Rep. Lisa Fink, R-LD 27, told the Natural Resources Committee that House Bill 2013 would require the Arizona Department of Environmental Quality to submit an "exceptional event demonstration" to the U.S. Environmental Protection Agency when a wildfire on federally managed land affects Arizona air quality. "The term exceptional event means an event that affects air quality, is not reasonably controlled or preventable," Fink said, arguing that more exclusions for wildfire-driven exceedances would improve Arizona's attainment record and could help Maricopa County in EPA evaluations.
The Sierra ClubArizona chapter director, Sandy Bahr, urged the committee to reject the bill, saying Arizona already has an established exceptional-event process and that "filing for one every time there's a fire on public lands makes no sense." Bahr also noted she did not see an appropriation for the additional workload and warned ADEQ is already challenged to do its existing work.

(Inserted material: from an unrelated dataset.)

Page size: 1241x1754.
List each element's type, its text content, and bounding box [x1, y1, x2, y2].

An ADEQ liaison testified the agency is neutral on HB2013 but warned that the EPA will act only on submissions that meet its regulatory-significance criteria. ADEQ told the committee that preparing, researching and submitting a single demonstration can require roughly 200 staff or contract hours, and cautioned a mandate could divert agency resources to filings that EPA will not act on.

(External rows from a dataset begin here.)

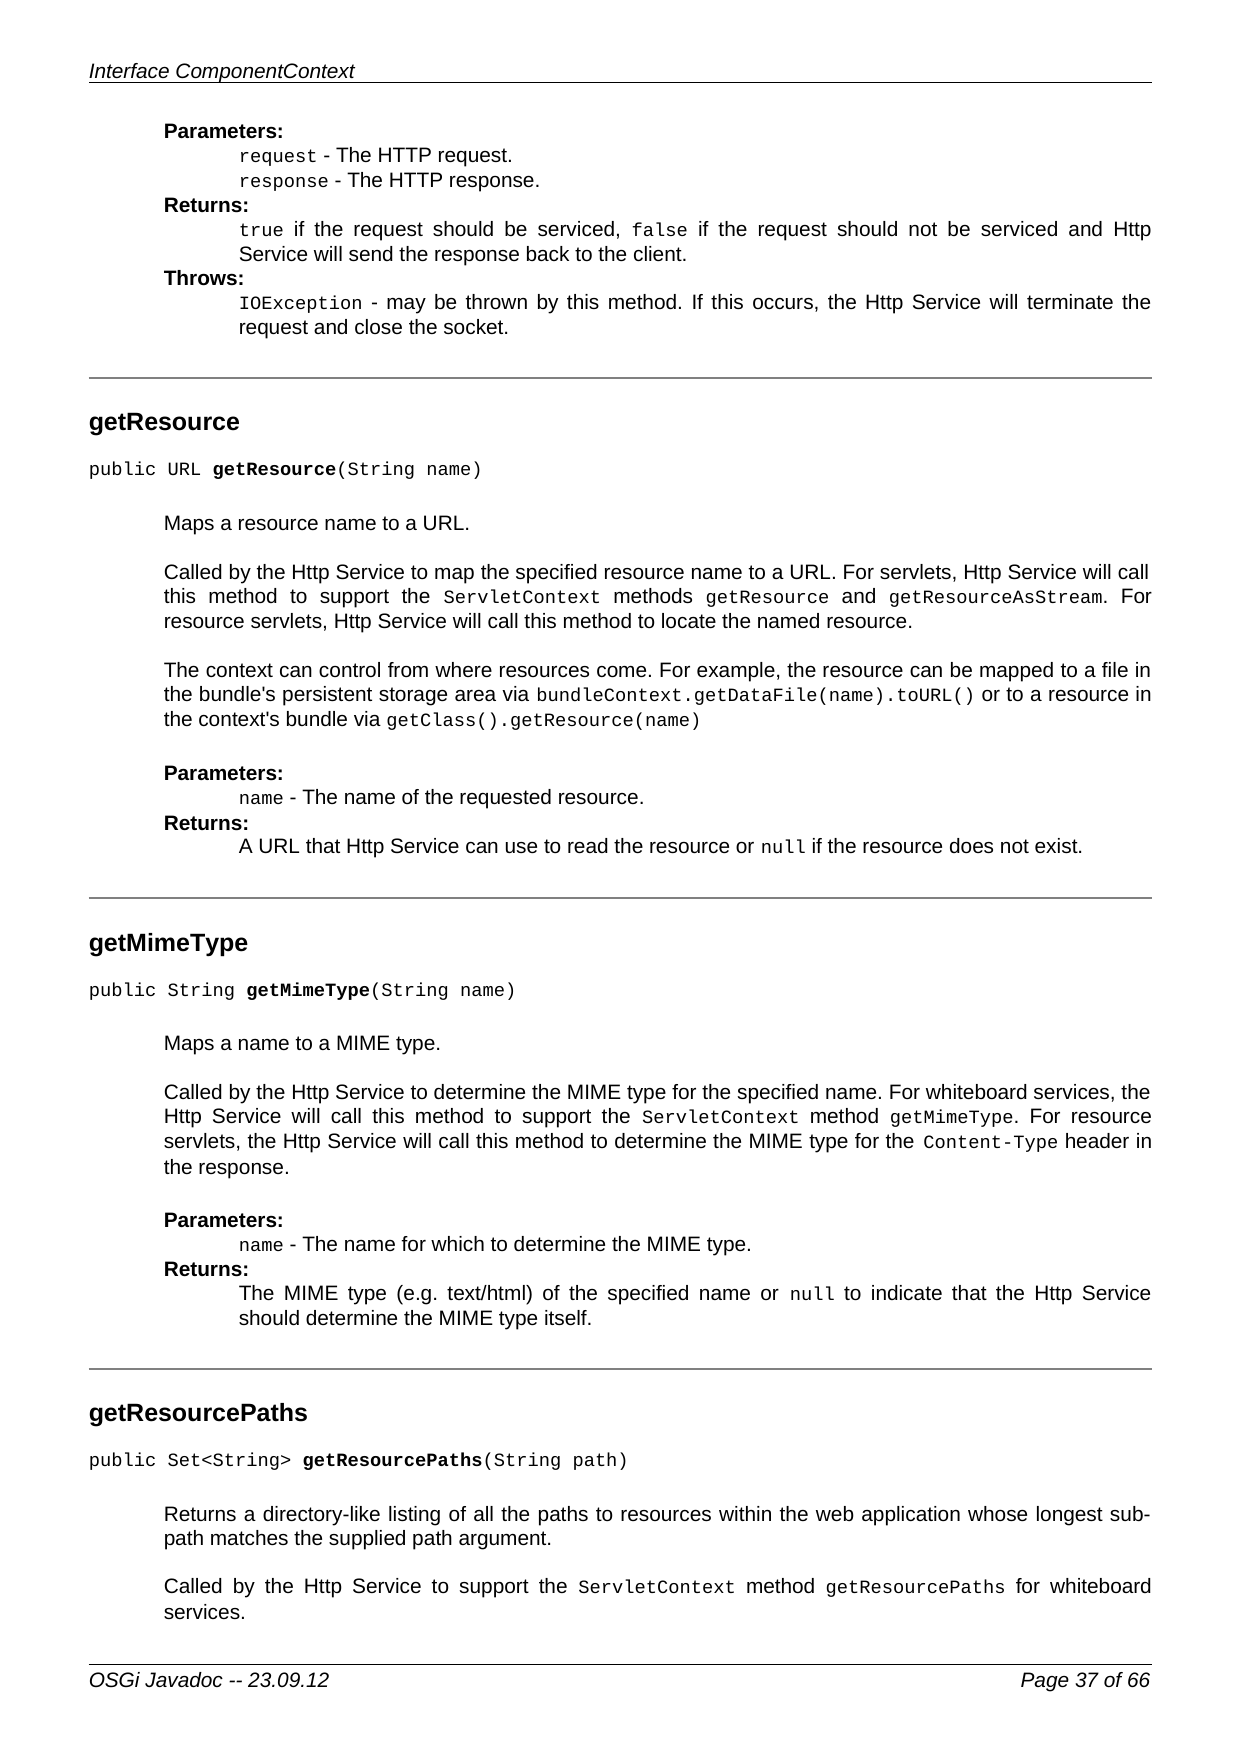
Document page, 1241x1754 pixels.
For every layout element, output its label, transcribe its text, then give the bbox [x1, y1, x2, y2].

text name - The name of the requested resource. [238, 785, 1152, 810]
text Returns a directory-like listing of all the paths to resources within the web application whose longest sub-path matches the supplied path argument. [163, 1501, 1152, 1549]
text public URL getResource(String name) [88, 460, 1152, 481]
subtitle getResource [88, 407, 1152, 436]
text response - The HTTP response. [238, 168, 1152, 193]
text name - The name for which to determine the MIME type. [238, 1232, 1152, 1257]
text Parameters: [163, 761, 1152, 785]
text Called by the Http Service to determine the MIME type for the specified name. For whiteboard services, the Http Service will call this method to support the ServletContext method getMimeType. For resource servlets, the Http Service will call this method to determine the MIME type for the Content-Type header in the response. [163, 1080, 1152, 1178]
text Parameters: [163, 118, 1152, 142]
text A URL that Http Service can use to read the resource or null if the resource does not exist. [238, 834, 1152, 859]
text Maps a name to a MIME type. [163, 1031, 1152, 1055]
text The MIME type (e.g. text/html) of the specified name or null to indicate that the Http Service should determine the MIME type itself. [238, 1281, 1152, 1330]
text Parameters: [163, 1208, 1152, 1232]
text Throws: [163, 266, 1152, 290]
subtitle getResourcePaths [88, 1398, 1152, 1427]
text The context can control from where resources come. For example, the resource can be mapped to a file in the bundle's persistent storage area via bundleContext.getDataFile(name).toURL() or to a resource in the context's bundle via getClass().getResource(name) [163, 658, 1152, 732]
text Maps a resource name to a URL. [163, 511, 1152, 534]
text public String getMimeType(String name) [88, 981, 1152, 1002]
text IOException - may be thrown by this method. If this occurs, the Http Service will terminate the request and close the socket. [238, 290, 1152, 339]
text request - The HTTP request. [238, 142, 1152, 168]
text Returns: [163, 1257, 1152, 1281]
text Called by the Http Service to support the ServletContext method getResourcePaths for whiteboard services. [163, 1574, 1152, 1623]
text public Set<String> getResourcePaths(String path) [88, 1451, 1152, 1472]
text true if the request should be serviced, false if the request should not be serviced and Http Service will send the response back to the client. [238, 217, 1152, 266]
text Returns: [163, 810, 1152, 834]
text Returns: [163, 193, 1152, 217]
subtitle getMimeType [88, 928, 1152, 957]
text Called by the Http Service to map the specified resource name to a URL. For servlets, Http Service will call this method to support the ServletContext methods getResource and getResourceAsStream. For resource servlets, Http Service will call this method to locate the named resource. [163, 559, 1152, 633]

A committee member moved that HB2013 receive a due-pass recommendation; the motion carried on a roll call the committee reported as 5 ayes, 3 noes, 0 not voting. The committee did not adopt any amendments during the hearing.
The bill now moves toward floor consideration, where sponsors and opponents indicated they may seek technical changes or an appropriation to cover ADEQ's increased workload.